From what i've read, reading excel binary is a bit faster than xml, but slower when writing.
Comment 7 David Tardon 2015-09-07 08:04:11 UTC
I think this is a terrible idea. Libreoffice's headline is is "Moved by freedom -- powered by standards". "Standards" in this case means usage of ODF. Introduction of a new proprietary format goes directly against that. (I could also mention that such a filter would be a big chunk of code that we'd be struck with supporting ~forever.)
Comment 8 Thomas Lendo 2018-09-29 18:55:28 UTC
Adding needsUXEval.

I don't like the idea of a special, new file format especially because it's binary and LibreOffice-only.

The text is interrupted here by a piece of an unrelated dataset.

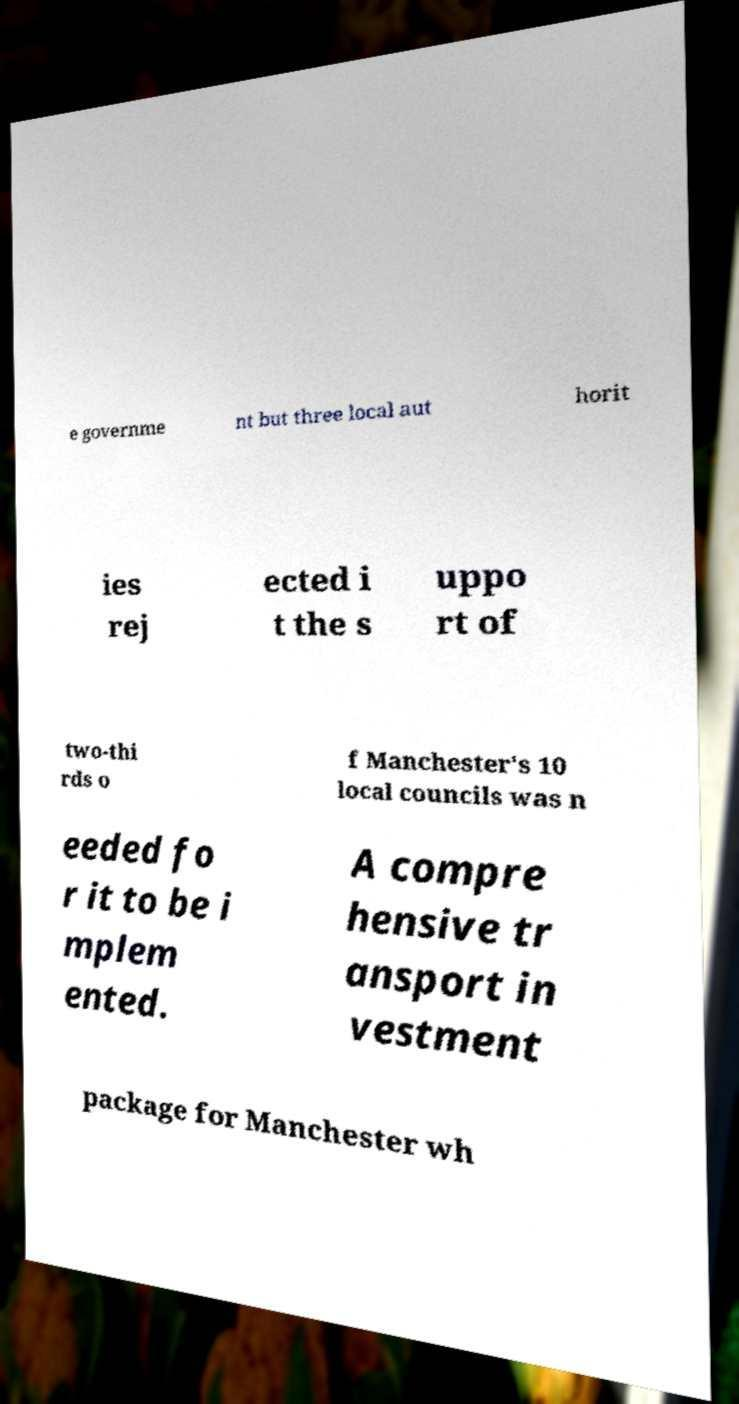Could you extract and type out the text from this image? e governme nt but three local aut horit ies rej ected i t the s uppo rt of two-thi rds o f Manchester's 10 local councils was n eeded fo r it to be i mplem ented. A compre hensive tr ansport in vestment package for Manchester wh

Comment 9 Heiko Tietze 2019-03-11 14:05:29 UTC
File size might have been an issue in the past when users deal with a gazillion of data points. But then, storage is cheap and you can pack it for sharing. As for the usability another format adds confusion. So let's close this as WF primarily since "bodf" would lack on standardization and because Calc is not meant for extensive data analysis (talking about GB+).